Original language: Catalan

Original title: Persecution

Year of publication: 2019

Translation: Carlos Mayor

Valuation: recommended (and more than that, at some point)

I suppose that more than one of those who read us are also followers of the videoblog or YouTube channel Trotalibros; If so, you will know that the creator of it, Jan Arimany, has shown himself more than once as an enthusiastic supporter of the novel Persecution, by the Catalan writer Toni Sala. It was not surprising, then, that When it came to publishing it in Spanish, the publishing house born from that videoblog and called by the same name would be in charge of it (a very laudable and, for the moment, excellent initiative, by the way). I am afraid that I was not that impressed by the book, although, without a doubt, this is a remarkable novel, written with complex and muscular prose, with very powerful passages. Without going any further, the beginning of the narrative: a woman, who we later find out is called Èlia, about forty years old and successful in the real estate area, tells us that the man with whom she had had a romantic relationship for a year He confessed one day that he would have killed his wife ten years ago, and for that he had gone to prison. Èlia, shocked, kicks him out of her house and tries to erase him from her life, but she soon starts looking for him to ask for an explanation. Thus begins a novel that revolves around Albert Jordi – that is the name of the murderer -: not only does Èlia look for him, but another woman also appears, Teresa, a former stewardess who works as a receptionist in a hotel and two ex-prisoners, companions of Albert Jordi prison.

The novel, divided into three large parts, is structured through chapters narrated in the first person by these different characters – Èlia and Albert Jordi, mainly and logically, in addition to Teresa and Mercury, the oldest of the ex-prisoners, beginning and closing the novel Èlia-; These four narrators not only tell us the events that occur in the plot – which we do not have to consider definitive either, since it immediately becomes clear that none of them is very reliable – but also their reflections, memories, fantasies and even hallucinations, in one or more flows of consciousness that are more or less evident and, above all, achieved. Because, or at least according to the opinion of this reviewer, both Èlia and, surprisingly, the criminal Mercury are much more credible as characters and their speech is more rounded (I say surprisingly because of the confusion of the same, something that anyone will be able to realize). read this novel), while, however, the character of Teresa seems much less credible to me, even a bit fake. As for Albert Jordi, who, if not a clear protagonist, is the character around whom the action develops, I am somewhat undecided, since sometimes he is presented to us as the personification of evil, with a behavior almost like a psychopath without empathy, others as a simple psychotic who is somewhat cyclothymic and even imbued with a certain naivety and, on some occasions, a kind of Monsieur Hulot with a certain tendency towards the vaudevillian (or, at least, that is the result of his actions).

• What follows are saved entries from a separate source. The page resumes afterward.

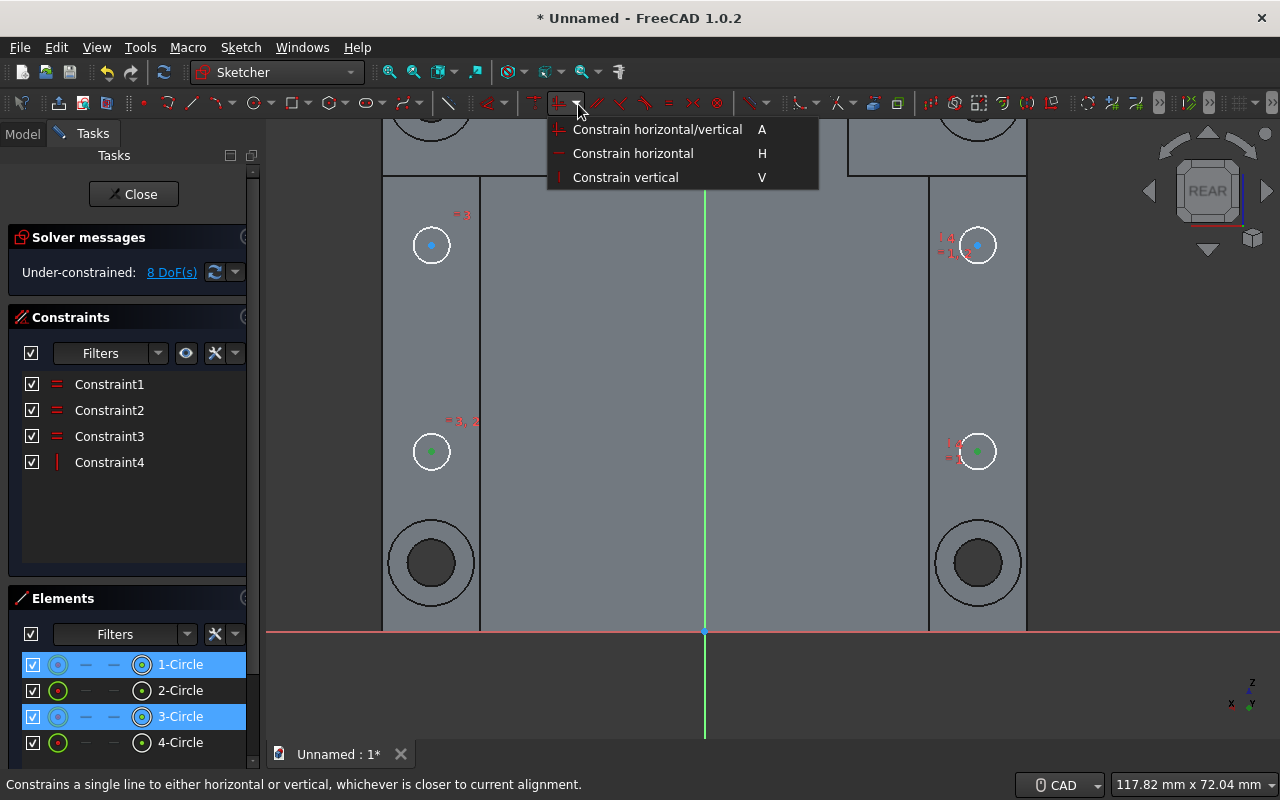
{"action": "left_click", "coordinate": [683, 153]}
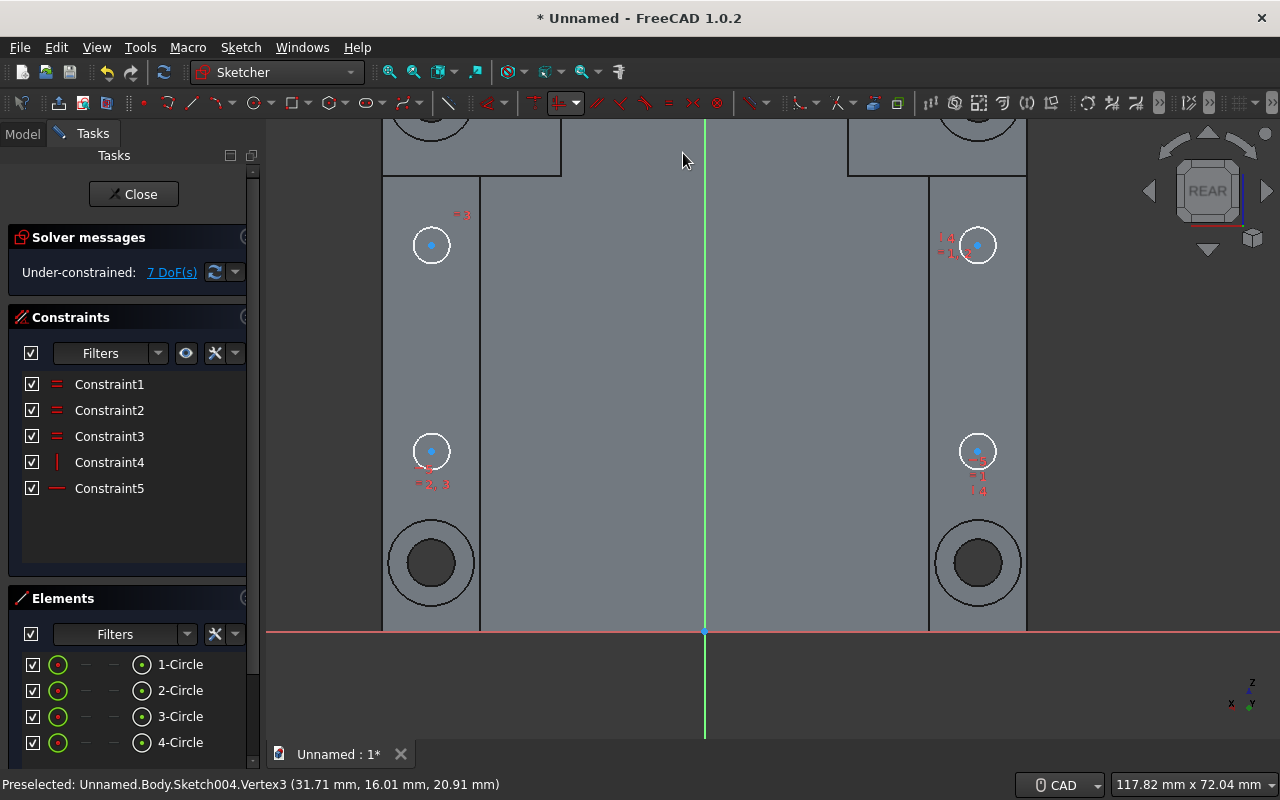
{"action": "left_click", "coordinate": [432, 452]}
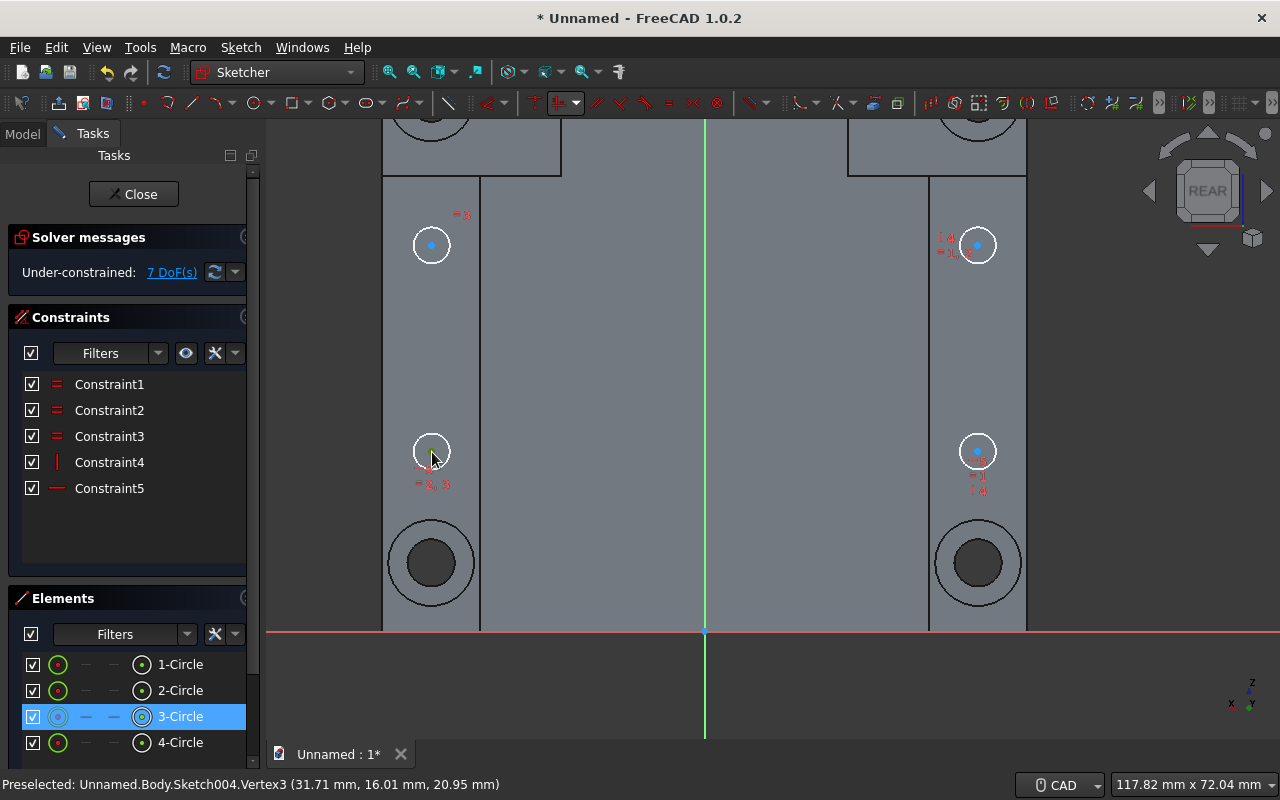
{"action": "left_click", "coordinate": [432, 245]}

In any case, it is his vis maligna that prevails in the end in the reader’s appreciation and, in fact, the idea declared by the author is that this novel, together with the previous one, Boysis part of a trilogy about evil that Sala has not yet completed.

Ultimately, or even first, this is a noir somewhat peculiar and, above all, rooted in the Catalan landscape and countryside (which does not mean that it could not work perfectly if it were developed in Galicia, California or Normandy): the action takes place in both Barcelona and Empordà , with the presence of realities perhaps somewhat hidden from the majority of society, such as the large slaughterhouses where immigrants work or the recent past of the fishermen of Badalona (I suppose they no longer exist). Furthermore, the novel takes place in the summer of 2017, not by chance: both the jihadist attack on Las Ramblas and the atmosphere prior to the October 1 referendum appear in it, events that contribute to condensing the atmosphere in which our books move. characters. This setting in an immediate and concrete past gives the novel, without a doubt, additional interest for current readers, although there is also the risk of a certain estrangement in those of the future, one greater the more distant the other. Something similar happens with certain themes that we find, beyond the plot twists and turns, and that today are thorny questions that our society poses to us: sexist violence, racism, cruelty – industrial, in this case – against animals; It may be that in a while those who read this book will also find problems that are obsolete, although I very much fear that this will not be the case… In any case, the contemporaneity of the novel is something that works in its favor right now, but now We will see what happens over time.

I don’t want to end the review (and I know it’s getting a bit long) without mentioning the magnificent literary skill of Toni Sala, capable, even in the least plausible or forced moments, of maintaining a very high stylistic level, agile and surprising. both in the most utilitarian passages and in those that, as I have already mentioned, recreate the characters’ thoughts, memories and chaos. This is the only work that I have read by this writer, at the moment, but if in other books the level is similar, I believe that we are faced with a first-class author within not only Catalan but also Spanish and even European literature (with a not ugly, I know about classifying writers and artists in general as if they were racehorses). We will see if this impression is confirmed in the future, but, in any case and despite the objections that I have already expressed, Persecution It is a more than firm indication that this may be the case.